Some BA sizes are available using a one size smaller head as SOD says to avoid the out of scale look
|old mart||23/10/2020 19:59:07|
|2213 forum posts|
I favour getting quality taps and dies as they are needed rather than sets. Some sizes tend to sit in the box and never get used.
1256 forum posts
Pretty much with Dave on this one, which is hardly surprising as I suspect he's more experienced in many aspects than me.
|Mike Poole||23/10/2020 20:41:34|
2808 forum posts
UNF/UNC did not really make a big inroad into British industry, the motor industry dipped its toe in the water and then went metric shortly after. Whitworth and BSF were rarely used below 1/4” as BA was largely used here. As you will not have a gearbox on the Myford then with a set of change wheels you will be able to cut almost any thread you might need including metric. Even without the famous 127 tooth wheel you can cut threads that are so close to the correct pitch you would need some high end metrology equipment to measure it. Apart from making some parts for my early 70s Triumph my UNF/C stuff has had little use. Many of the classic British models will call up BA and ME threads but the extended metric series can make some very close equivalents if you don’t mind deviating from drawing. Bought in metric fastners will look wrong in some situations but if you are making them from scratch then you can put whatever head you like on them. I suspect that like most people you will eventually have odds and bits from most thread standards.
|Bill Phinn||23/10/2020 22:22:57|
|385 forum posts|
A genuine question, Mike, if a little off-topic:
A large choice of head shape is clearly something any lathe can offer, but what about the "slot"? A simple line slot will surely look wrong in some situations, but what other realistic choices does the lathe owner making fasteners from scratch have? Hex, Torx, Pozi, Philips et al. are surely not practicable.

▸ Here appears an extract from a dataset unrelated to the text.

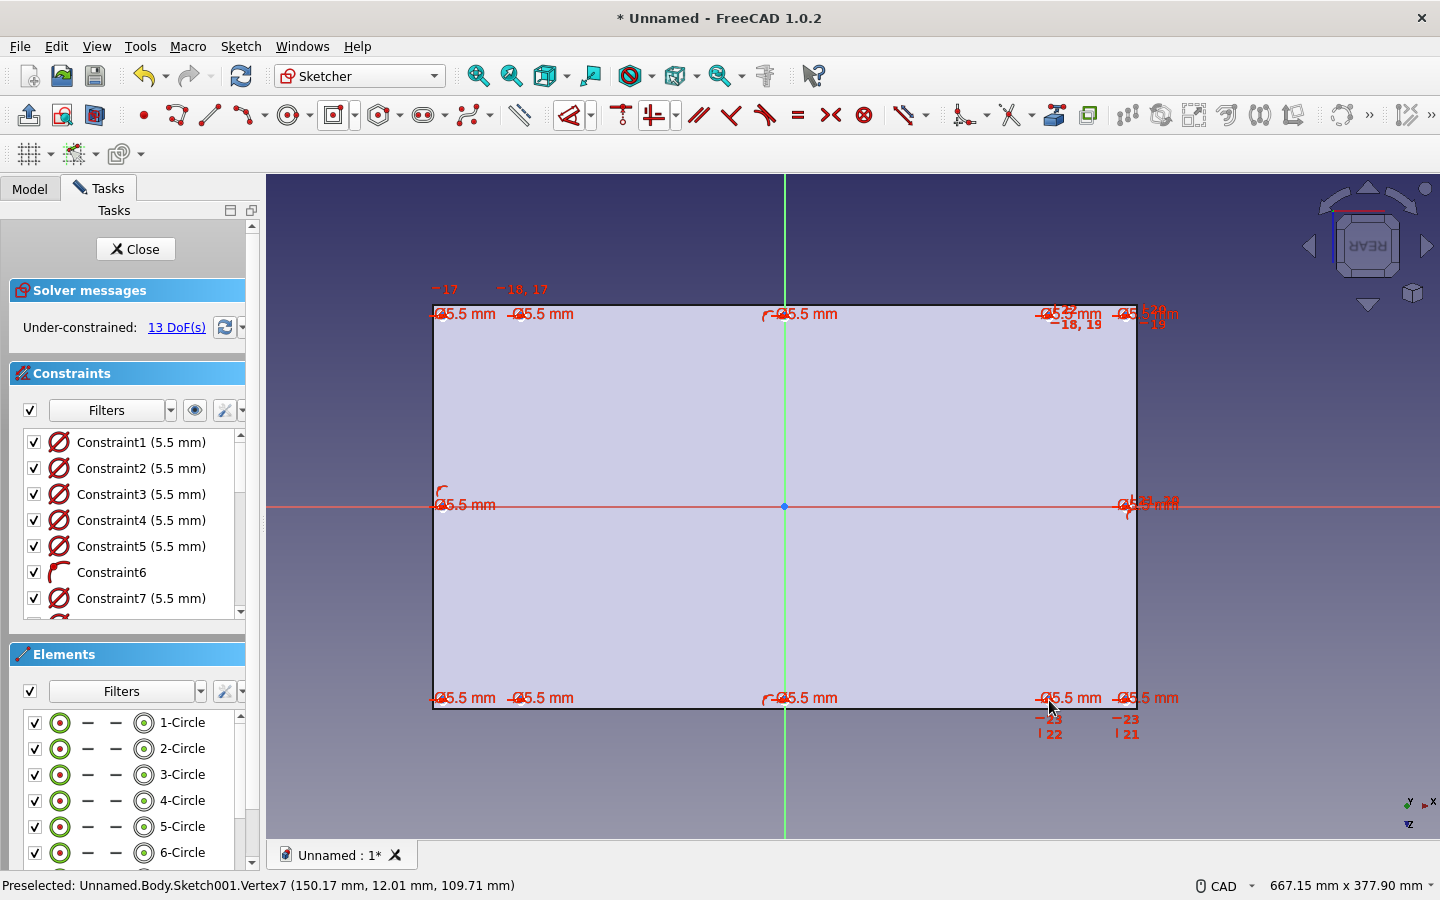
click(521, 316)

|Andrew Johnston||23/10/2020 22:28:06|
5726 forum posts
I have been known to use dies; just made some custom D-type connector lockscrews for a client and I used a die to cut the external 4-40 UNC threads as I already had it. Albeit using a quick release holder on the repetition lathe so I could thread up to a shoulder at 500rpm. I prefer to use Coventry dieheads for more than one offs. They cut really nice thread forms, are fast, don't wobble or wander and are simple to adjust to size to fit mating parts.
|Mike Poole||23/10/2020 22:57:01|
2808 forum posts
I was rather thinking of getting the proportions of a hex head to be pleasing. A rotary broach or wobble broach could probably do hex socket and Torx but cross heads are forged I think so not a practical proposition for most people, the broaching is quite an ambitious method but it has been discussed on the forum and in the magazine. Of course the plain slotted screw is easy to make if they are appropriate for the job. Unless you have some sort of facility to do repetition work I think making more than a few of something will soon tax the will to live.